Your answer must be the lines from the one holding "Instruction: Locate the" through the final line of the entries below, copied exactly, with no pictures.
──────────────────────────────
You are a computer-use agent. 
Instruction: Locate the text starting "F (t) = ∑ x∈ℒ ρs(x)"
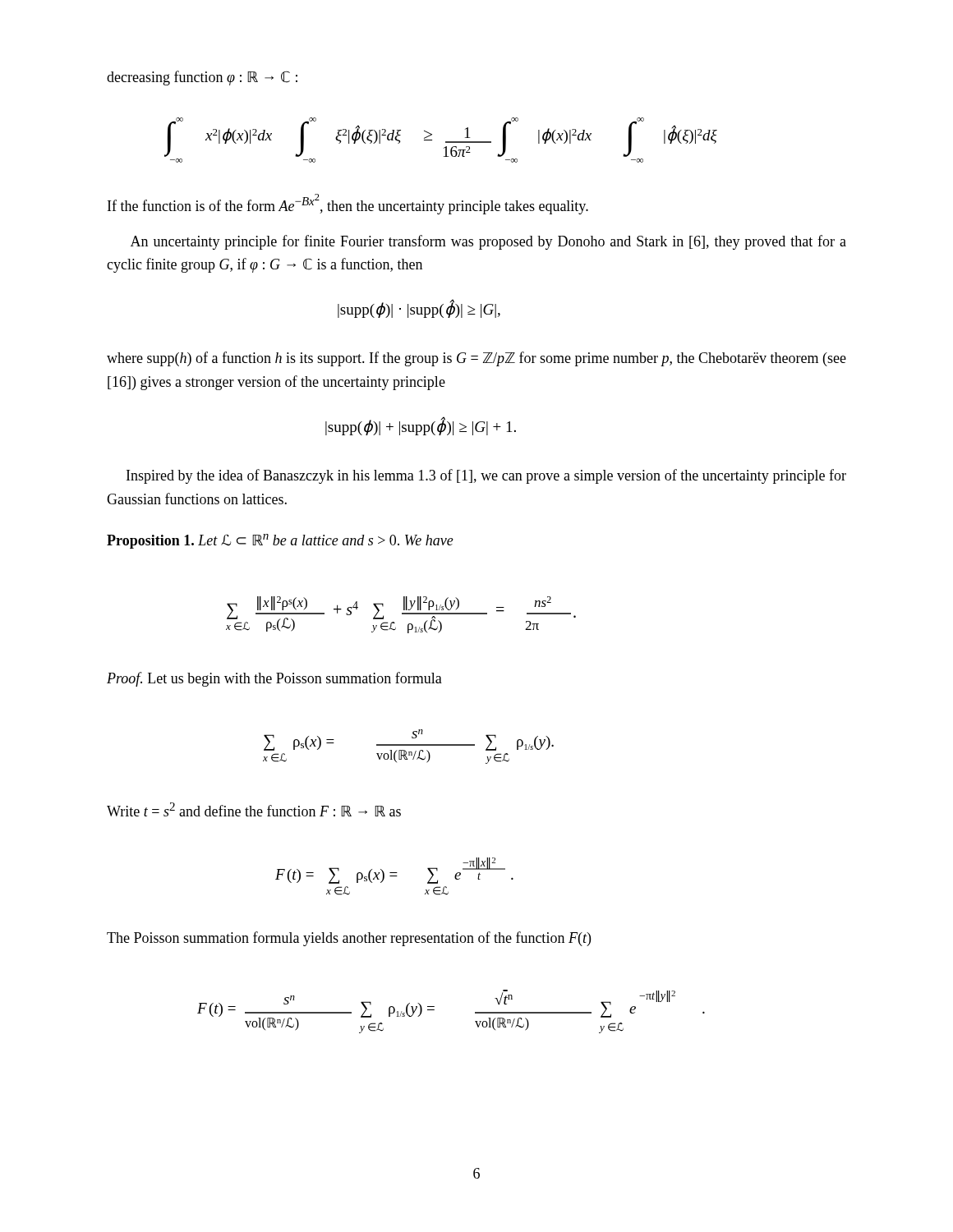(476, 873)
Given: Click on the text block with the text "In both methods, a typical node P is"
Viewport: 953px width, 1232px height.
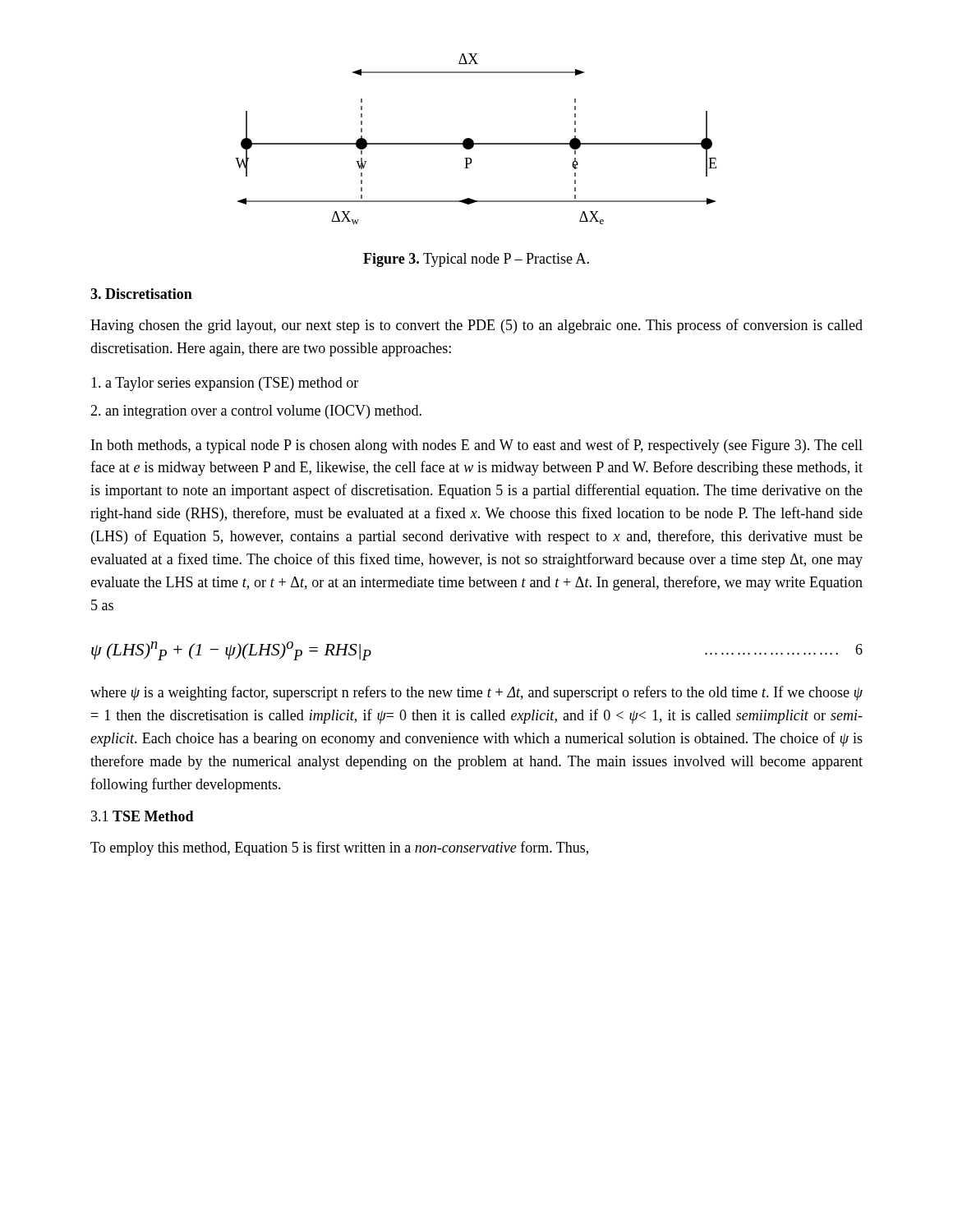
──────────────────────────────
**ANSWER BELOW:**
Instruction: Locate the text starting "F (t) = ∑ x∈ℒ ρs(x)"
(476, 873)
Given: Click on the text block with the text "In both methods, a typical node P is"
Viewport: 953px width, 1232px height.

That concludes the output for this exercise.